Darvish pitched a shutout for his six innings in an 11-3 win over the Angels. Tepesch gave up one run in 6.2 innings in the opener with the Twins while Grimm yielded none in seven innings in the next night’s win.
The bullpen had mixed results with Jason Frasor, Tanner Scheppers and Robby Ross giving up no runs in a combined seven innings while Michael Kirkman, Derek Lowe and Joe Ortiz yielded 10 earned runs in 7.1 innings. Closer Joe Nathan earned saves in all three chances.

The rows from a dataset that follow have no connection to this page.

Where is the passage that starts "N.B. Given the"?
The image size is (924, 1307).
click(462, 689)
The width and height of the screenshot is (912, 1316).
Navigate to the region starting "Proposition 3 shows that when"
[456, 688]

Defensively the same Rangers who committed just seven errors in their first 18 games, had four last week leading to four unearned runs.

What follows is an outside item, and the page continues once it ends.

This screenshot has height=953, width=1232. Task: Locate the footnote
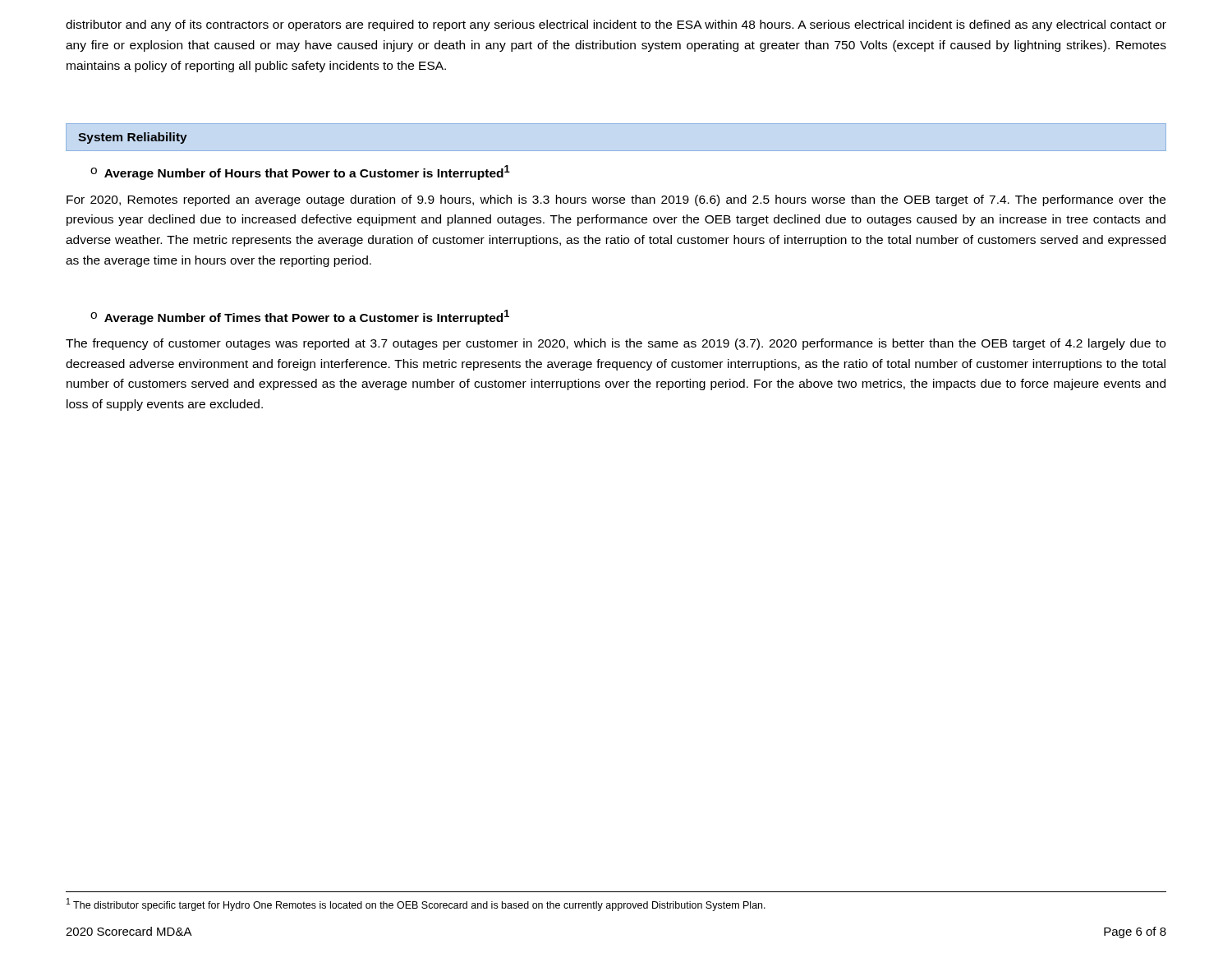point(616,905)
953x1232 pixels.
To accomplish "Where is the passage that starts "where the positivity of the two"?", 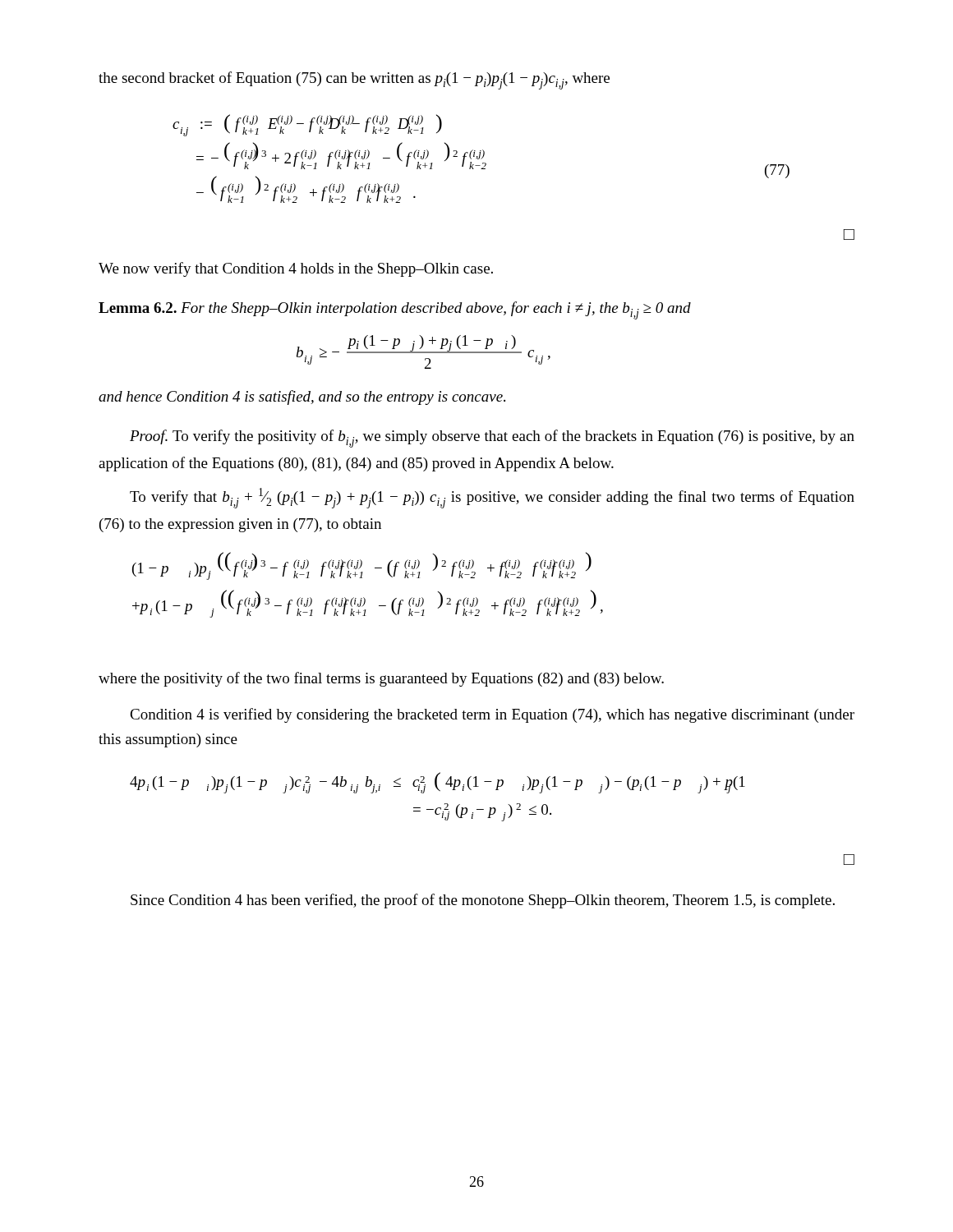I will click(382, 678).

It’s a week full of Sox at home
After 10 of the last 13 games on the road, the Rangers are back home this week, first against the Chicago White Sox, then the Boston Red Sox.
“It seems like we haven’t been home in forever with the way the schedule is set up,” said Texas catcher A.J. Pierzynski. “It’ll be nice to get home, get an off-day at home and relax, get away from baseball for a day. Just get back to hopefully a little bit of normalcy and come back ready to go on Tuesday.”
The White Sox entered the series against former team member Pierzynski with a 10-14 record. Injuries have hampered Chicago with second baseman Gordon Beckham, left fielder Dayan Viciedo and starting pitchers Gavin Floyd and John Danks spending time on the disabled list.
Picking up the offensive slack has been third baseman Conor Gillespie (.310 average), right fielder Alex Rios (.281, six homers, 11 RBI). On the mound, starters Jose Quintana (2-0 record, 2.78 earned run average) and Jake Peavy (3-1, 3.38) and closer Addison Reed (1-0, 1.64, eight saves in eight tries) have done their part.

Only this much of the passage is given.